新型红色荧光粉K5Gd(MoO4)4:xSm3+,yEu3+的发光性能分析

李明明1, 熊飞兵1,2, 杨伟斌1,2, 胡正开1, 白鑫1, 李婧1, 林雅晴1, 黄俊雄1   

  1. 1.厦门理工学院光电与通信工程学院,厦门 361024;
    2.厦门理工学院,福建省光电技术与器件重点实验室,厦门 361024
  • 收稿日期:2024-07-16 出版日期:2024-12-15 发布日期:2024-12-20
  • 通信作者: 熊飞兵,博士,教授。E-mail:1361099810@qq.com
  • 作者简介:李明明(1995—),女,河北省人,硕士研究生。E-mail:2366066142@qq.com
  • 基金资助:
    福建省自然科学基金(2020J01297);厦门理工学院研究生科技创新计划(YKJCX2023083,YKJCX2023072)

Analysis of Luminescence Performance of New Red Phosphor K5Gd(MoO4)4:xSm3+,yEu3+

LI Mingming1, XIONG Feibing1,2, YANG Weibin1,2, HU Zhengkai1, BAI Xin1, LI Jing1, LIN Yaqing1, HUANG Junxiong1   

  1. 1. School of Optoelectronics and Communication Engineering, Xiamen University of Technology, Xiamen 361024, China;
    2. Fujian Provincial Key Laboratory of Optoelectronic Technology and Devices, Xiamen University of Technology, Xiamen 361024, China
  • Received:2024-07-16 Online:2024-12-15 Published:2024-12-20

摘要: 本文采用高温固相法合成新型K5Gd(MoO4)4:xSm3+(x=0~0.10)及K5Gd(MoO4)4:0.04Sm3+,yEu3+(y=0.03~0.15)红色荧光粉,并通过X射线衍射仪(XRD)、荧光粉激发光谱,以及热猝灭分析系统、稳态-瞬态光谱仪等对荧光粉的光致激发光谱及荧光发射光谱、荧光猝灭性能等进行分析。研究表明:掺入Eu3+,Sm3+后的K5Gd(MoO4)4样品不含杂质相,且晶体的结构没有发生改变。在405 nm紫外光的激发下,K5Gd(MoO4)4:0.04Sm3+和K5Gd(MoO4)4:0.04Sm3+,0.12Eu3+可以发射出色坐标为(0.608 8,0.390 4)和(0.637 3, 0.359 2)的橙红光。在K5Gd(MoO4)4:xSm3+ (x=0~0.10)荧光粉样品中,随着Sm3+掺杂浓度的增加,荧光粉的发光强度先增强后减弱,最佳的掺杂浓度为x=0.04。在K5Gd(MoO4)4:0.04Sm3+,yEu3+(y=0.03~0.15)荧光粉样品中,Eu3+的发光强度随着掺杂浓度的增加呈先增加后减弱的趋势,且在y=0.12处发生浓度猝灭。当温度达到373 K时,K5Gd(MoO4)4:0.04Sm3+荧光粉样品的发光强度是293 K时的94.69%,K5Gd(MoO4)4:0.04Sm3+,0.12Eu3+荧光粉样品的荧光强度是293 K时的76.3%,表明两种荧光粉样品都具有较好的热稳定性。色坐标图表明随着Eu3+掺杂量的提高,色坐标从橙红色区域向纯红色区域发生微量移动。由此可见,K5Gd(MoO4)4:xSm3+和K5Gd(MoO4)4:0.04Sm3+,yEu3+荧光粉样品都具有作为红色荧光粉应用于白光LED的潜力。

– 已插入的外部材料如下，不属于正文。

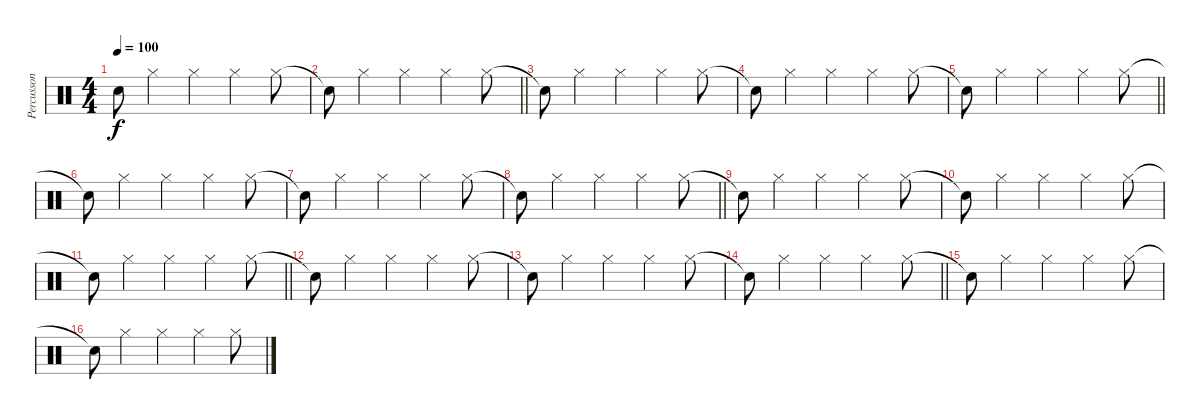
\track ("Percusson" "Percusson") {instrument percussion}
\staff {score}
\articulation defaults
\ts (4 4)
\tempo 100
\clef neutral
\ks c "Snare (hit)"{t}.8{dy f} "Hi-Hat (closed)".4 "Hi-Hat (closed)".4 "Hi-Hat (closed)".4 "Hi-Hat (closed)".8
|
\barLineRight lightlight "Snare (hit)"{t}.8 "Hi-Hat (closed)".4 "Hi-Hat (closed)".4 "Hi-Hat (closed)".4 "Hi-Hat (closed)".8
|
"Snare (hit)"{t}.8 "Hi-Hat (closed)".4 "Hi-Hat (closed)".4 "Hi-Hat (closed)".4 "Hi-Hat (closed)".8 |
"Snare (hit)"{t}.8 "Hi-Hat (closed)".4 "Hi-Hat (closed)".4 "Hi-Hat (closed)".4 "Hi-Hat (closed)".8 |
\barLineRight lightlight "Snare (hit)"{t}.8 "Hi-Hat (closed)".4 "Hi-Hat (closed)".4 "Hi-Hat (closed)".4 "Hi-Hat (closed)".8
|
"Snare (hit)"{t}.8 "Hi-Hat (closed)".4 "Hi-Hat (closed)".4 "Hi-Hat (closed)".4 "Hi-Hat (closed)".8 |
"Snare (hit)"{t}.8 "Hi-Hat (closed)".4 "Hi-Hat (closed)".4 "Hi-Hat (closed)".4 "Hi-Hat (closed)".8 |
\barLineRight lightlight "Snare (hit)"{t}.8 "Hi-Hat (closed)".4 "Hi-Hat (closed)".4 "Hi-Hat (closed)".4 "Hi-Hat (closed)".8
|
"Snare (hit)"{t}.8 "Hi-Hat (closed)".4 "Hi-Hat (closed)".4 "Hi-Hat (closed)".4 "Hi-Hat (closed)".8 |
"Snare (hit)"{t}.8 "Hi-Hat (closed)".4 "Hi-Hat (closed)".4 "Hi-Hat (closed)".4 "Hi-Hat (closed)".8 |
\barLineRight lightlight "Snare (hit)"{t}.8 "Hi-Hat (closed)".4 "Hi-Hat (closed)".4 "Hi-Hat (closed)".4 "Hi-Hat (closed)".8
|
"Snare (hit)"{t}.8 "Hi-Hat (closed)".4 "Hi-Hat (closed)".4 "Hi-Hat (closed)".4 "Hi-Hat (closed)".8 |
"Snare (hit)"{t}.8 "Hi-Hat (closed)".4 "Hi-Hat (closed)".4 "Hi-Hat (closed)".4 "Hi-Hat (closed)".8 |
\barLineRight lightlight "Snare (hit)"{t}.8 "Hi-Hat (closed)".4 "Hi-Hat (closed)".4 "Hi-Hat (closed)".4 "Hi-Hat (closed)".8
|
"Snare (hit)"{t}.8 "Hi-Hat (closed)".4 "Hi-Hat (closed)".4 "Hi-Hat (closed)".4 "Hi-Hat (closed)".8 |
"Snare (hit)"{t}.8 "Hi-Hat (closed)".4 "Hi-Hat (closed)".4 "Hi-Hat (closed)".4 "Hi-Hat (closed)".8
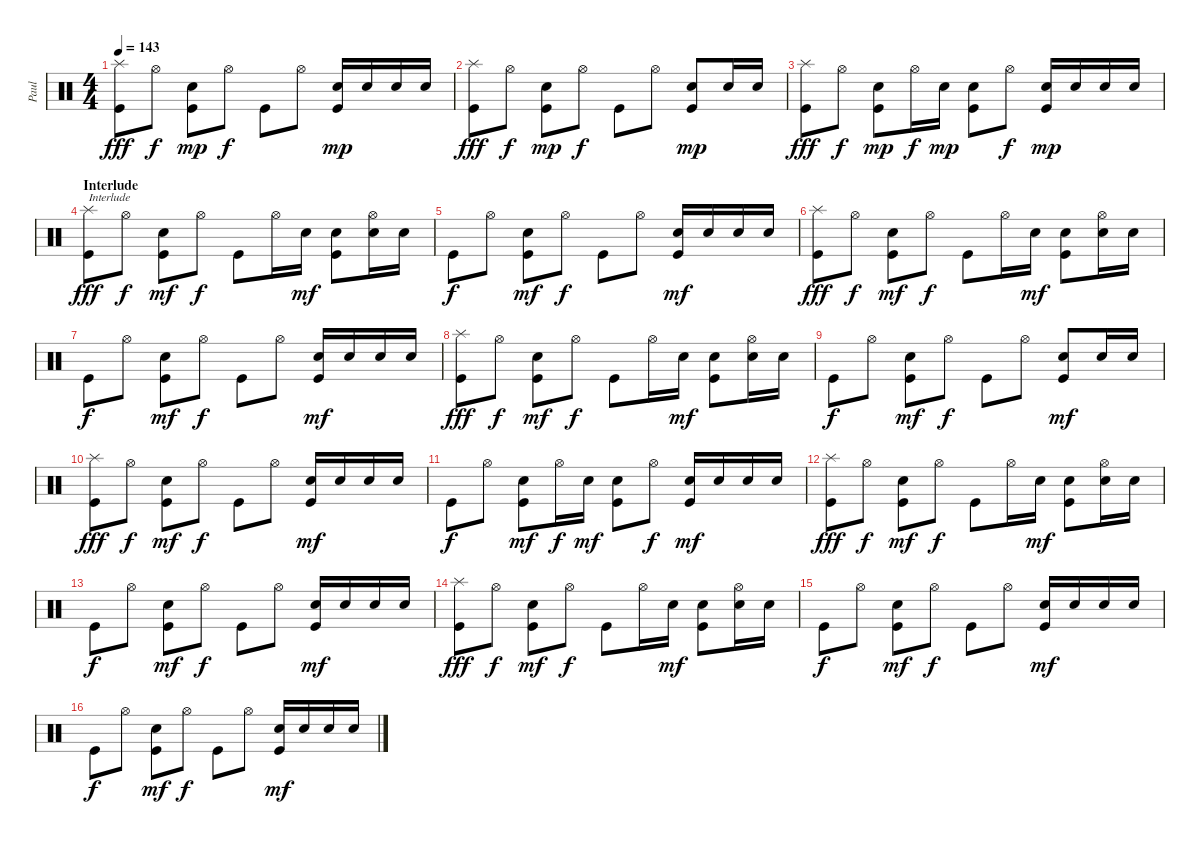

关键词: K5Gd(MoO4)4:xSm3+,yEu3+, 高温固相法, 红色荧光粉, 荧光猝灭, 色坐标

Abstract: A series of K5Gd (MoO4)4:xSm3+(x=0~0.10) and K5Gd (MoO4)4:0.04Sm3+, yEu3+(y=0.03~0.15) red phosphors were synthesized by high-temperature solid-phase method in this paper. The photoluminescence spectra, fluorescence emission spectra, and fluorescence quenching performance of the phosphor were analyzed by X-ray diffraction (XRD), fluorescence excitation spectra, thermal quenching analysis system, and steady-state transient spectrometer. Results show that the samples synthesized by doping Eu3+and Sm3+into K5Gd (MoO4)4 don't contain impurity phases, and the crystal structure remains unchanged. Under the excitation of 405 nm ultraviolet light, K5Gd (MoO4)4:0.04Sm3+and K5Gd (MoO4)4:0.04Sm3+, 0.12Eu3+can emit excellent red light with the CIE coordinates of (0.6088, 0.3904) and (0.637 3, 0.359 2). In the K5Gd(MoO4)4:xSm3+(x=0~0.10) samples, as the Sm3+doping concentration increases, the luminescence intensity of the phosphor first increases and then decreases, the optimal doping concentration is x=0.04. In the K5Gd(MoO4)4:0.04Sm3+,yEu3+(y=0.03~0.15) samples, the luminescence intensity of Eu3+first increases and then decreases with increasing Eu3+ doping concentration, and concentration quenching occur at y=0.12. When the temperature reaches 373 K, the fluorescence intensity of the K5Gd(MoO4)4:0.04Sm3+phosphor sample is 94.69% of that at 293 K, while the fluorescence intensity of the K5Gd(MoO4)4:0.04Sm3+, 0.12Eu3+phosphor sample is 76.3% of that at 293 K, indicating their good thermal stability. The color coordinate graph shows that, doping of Eu3+ leads to the color coordinate shifts slightly from the orange red region to the pure red region. Both K5Gd(MoO4)4:xSm3+ and K5Gd(MoO4)4:0.04Sm3+, yEu3+phosphor samples have the potential to be used as red phosphors for white light LED.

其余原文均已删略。